[[ SOURCE DATA open ]]

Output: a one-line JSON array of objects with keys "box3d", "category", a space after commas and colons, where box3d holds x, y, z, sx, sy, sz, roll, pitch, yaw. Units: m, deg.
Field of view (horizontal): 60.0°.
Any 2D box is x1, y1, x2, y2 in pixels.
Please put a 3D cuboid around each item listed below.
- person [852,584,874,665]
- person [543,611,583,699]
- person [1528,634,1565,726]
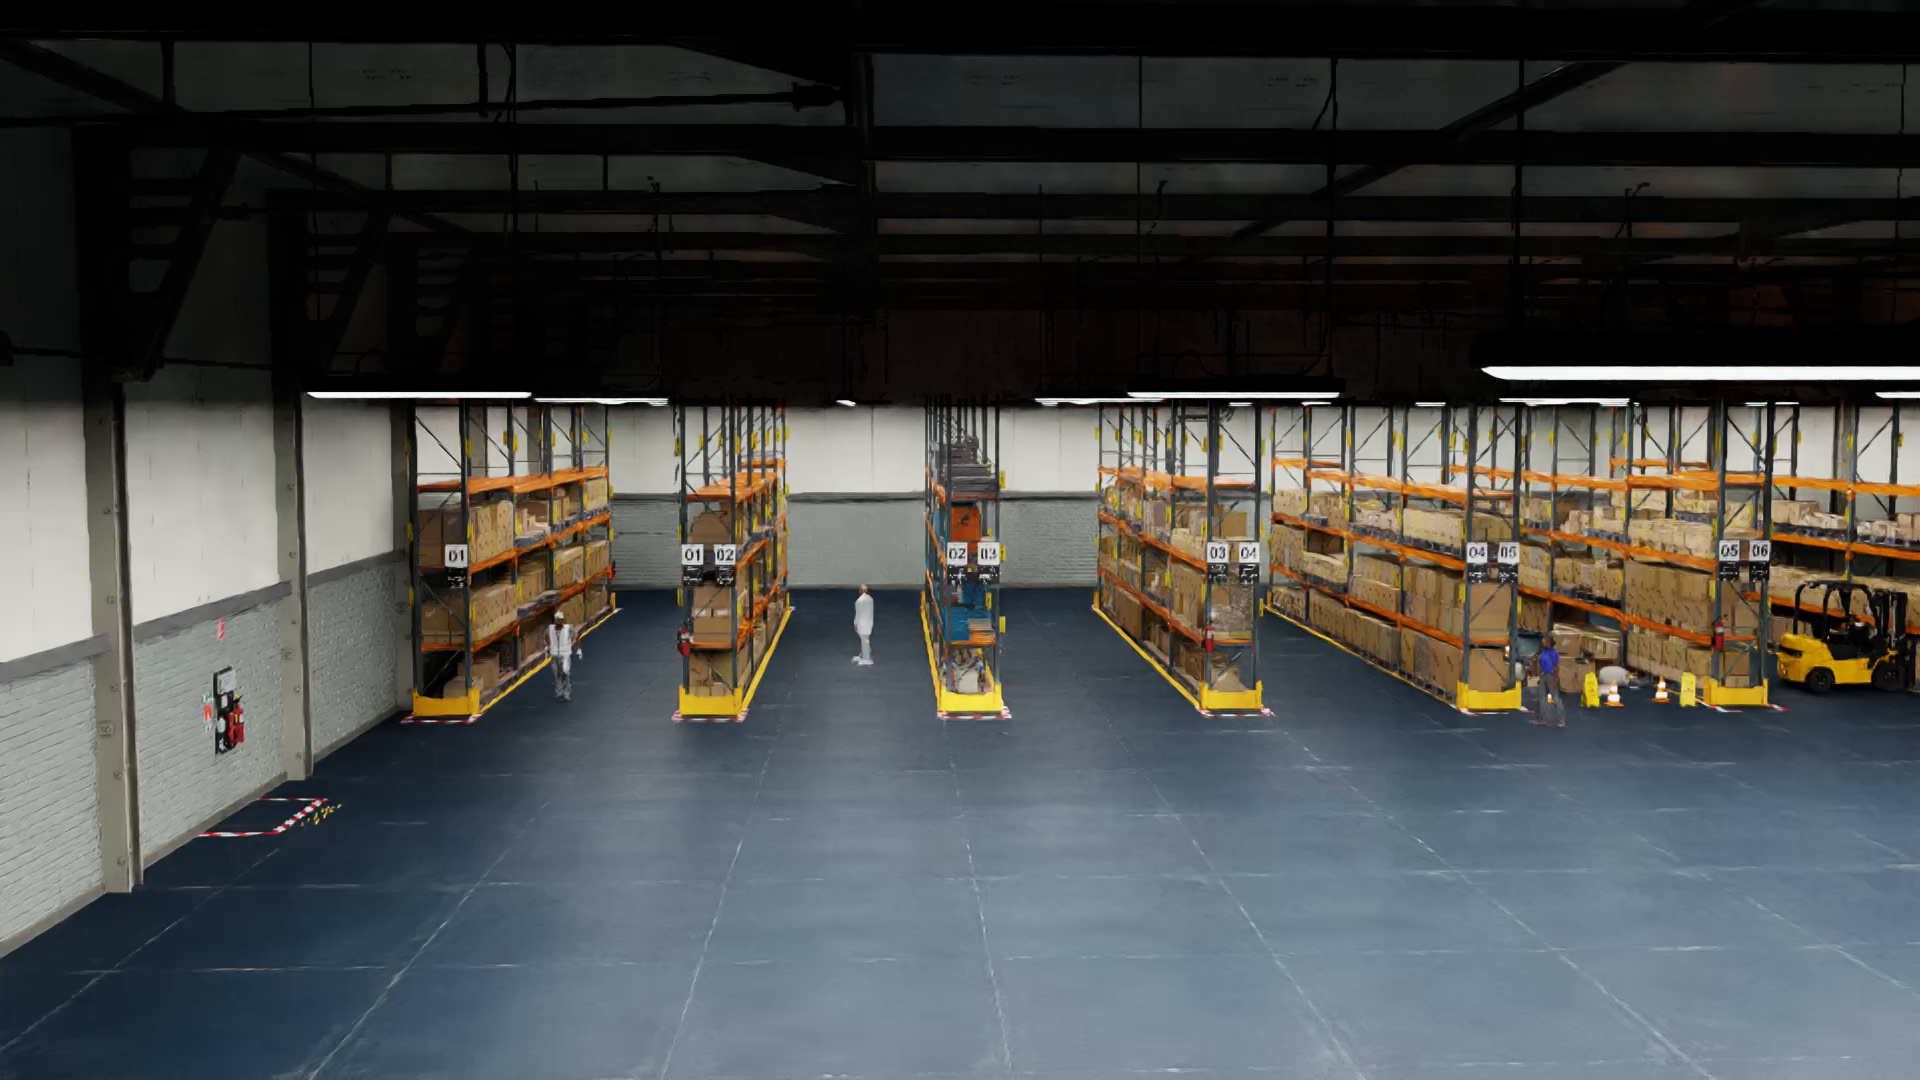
[{"box3d": [-2.187, 1.875, 37.242, 0.636, 1.775, 0.675, 2, 5, 25], "category": "person"}, {"box3d": [-7.874, 2.262, 32.859, 0.730, 1.744, 0.686, 0, 5, 2], "category": "person"}, {"box3d": [10.665, 2.523, 30.046, 0.512, 1.655, 0.589, -1, 5, -14], "category": "person"}]

[[ SOURCE DATA closed ]]

From the first line to the last, copy the records exactly and skip the pictures.

COMPLETED TASK:
Output: a one-line JSON array of objects with keys "box3d", "category", a space after commas and colons, where box3d holds x, y, z, sx, sy, sz, roll, pitch, yaw. Units: m, deg.
Field of view (horizontal): 60.0°.
Any 2D box is x1, y1, x2, y2 in pixels.
Please put a 3D cuboid around each item listed below.
- person [852,584,874,665]
- person [543,611,583,699]
- person [1528,634,1565,726]
[{"box3d": [-2.187, 1.875, 37.242, 0.636, 1.775, 0.675, 2, 5, 25], "category": "person"}, {"box3d": [-7.874, 2.262, 32.859, 0.730, 1.744, 0.686, 0, 5, 2], "category": "person"}, {"box3d": [10.665, 2.523, 30.046, 0.512, 1.655, 0.589, -1, 5, -14], "category": "person"}]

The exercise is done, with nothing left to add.